═══ MATERIAL FOR THIS EXERCISE

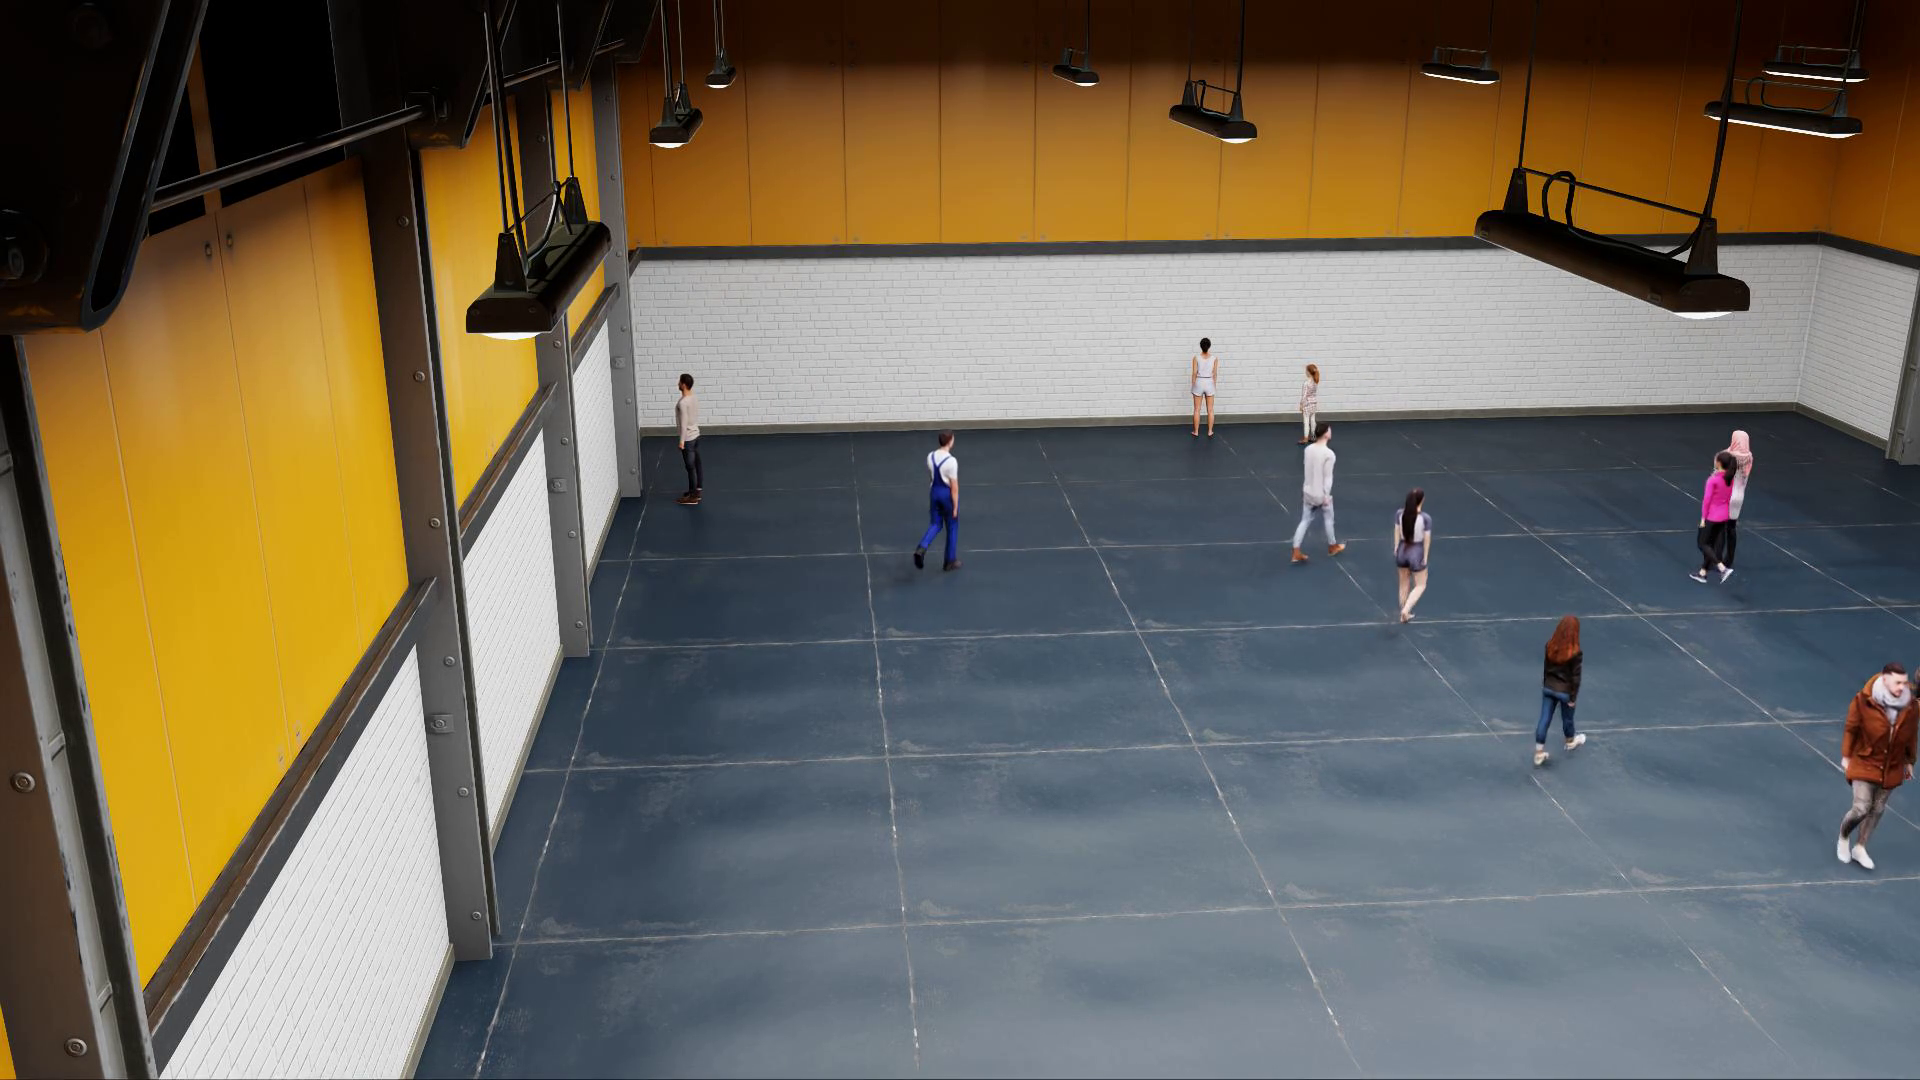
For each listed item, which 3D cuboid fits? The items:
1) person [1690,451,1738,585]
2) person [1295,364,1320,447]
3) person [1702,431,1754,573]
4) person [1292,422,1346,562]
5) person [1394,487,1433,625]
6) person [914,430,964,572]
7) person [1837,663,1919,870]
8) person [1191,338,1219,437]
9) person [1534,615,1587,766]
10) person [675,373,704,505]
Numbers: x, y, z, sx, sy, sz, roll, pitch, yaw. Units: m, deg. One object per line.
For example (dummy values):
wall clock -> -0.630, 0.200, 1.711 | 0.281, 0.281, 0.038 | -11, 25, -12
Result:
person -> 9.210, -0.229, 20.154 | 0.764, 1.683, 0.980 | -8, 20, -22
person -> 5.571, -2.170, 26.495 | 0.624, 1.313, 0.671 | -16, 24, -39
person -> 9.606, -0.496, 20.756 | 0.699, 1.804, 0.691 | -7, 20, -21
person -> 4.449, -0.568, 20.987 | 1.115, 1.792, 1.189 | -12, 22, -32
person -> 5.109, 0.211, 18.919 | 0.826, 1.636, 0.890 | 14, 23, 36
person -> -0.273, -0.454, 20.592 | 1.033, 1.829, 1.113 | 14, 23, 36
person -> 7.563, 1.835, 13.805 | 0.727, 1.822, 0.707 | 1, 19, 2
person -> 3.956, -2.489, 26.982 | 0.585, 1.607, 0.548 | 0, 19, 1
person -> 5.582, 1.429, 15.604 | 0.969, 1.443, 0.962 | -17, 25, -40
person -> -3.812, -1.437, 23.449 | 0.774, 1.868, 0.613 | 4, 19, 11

══════
═══ MATERIAL FOR THIS EXERCISE

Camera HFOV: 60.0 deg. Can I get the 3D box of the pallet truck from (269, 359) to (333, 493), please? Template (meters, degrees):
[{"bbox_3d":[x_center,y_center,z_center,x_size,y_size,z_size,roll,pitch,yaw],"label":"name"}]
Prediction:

══════

▶ EXERCISE DESCRIPTION:
Here the output must be the lines above from the line with "1) person [1690,451,1738,585]" to the line with "wall clock ->", both included, duplicated word for word and nothing else.

▶ WRITTEN ANSWER:
1) person [1690,451,1738,585]
2) person [1295,364,1320,447]
3) person [1702,431,1754,573]
4) person [1292,422,1346,562]
5) person [1394,487,1433,625]
6) person [914,430,964,572]
7) person [1837,663,1919,870]
8) person [1191,338,1219,437]
9) person [1534,615,1587,766]
10) person [675,373,704,505]
Numbers: x, y, z, sx, sy, sz, roll, pitch, yaw. Units: m, deg. One object per line.
For example (dummy values):
wall clock -> -0.630, 0.200, 1.711 | 0.281, 0.281, 0.038 | -11, 25, -12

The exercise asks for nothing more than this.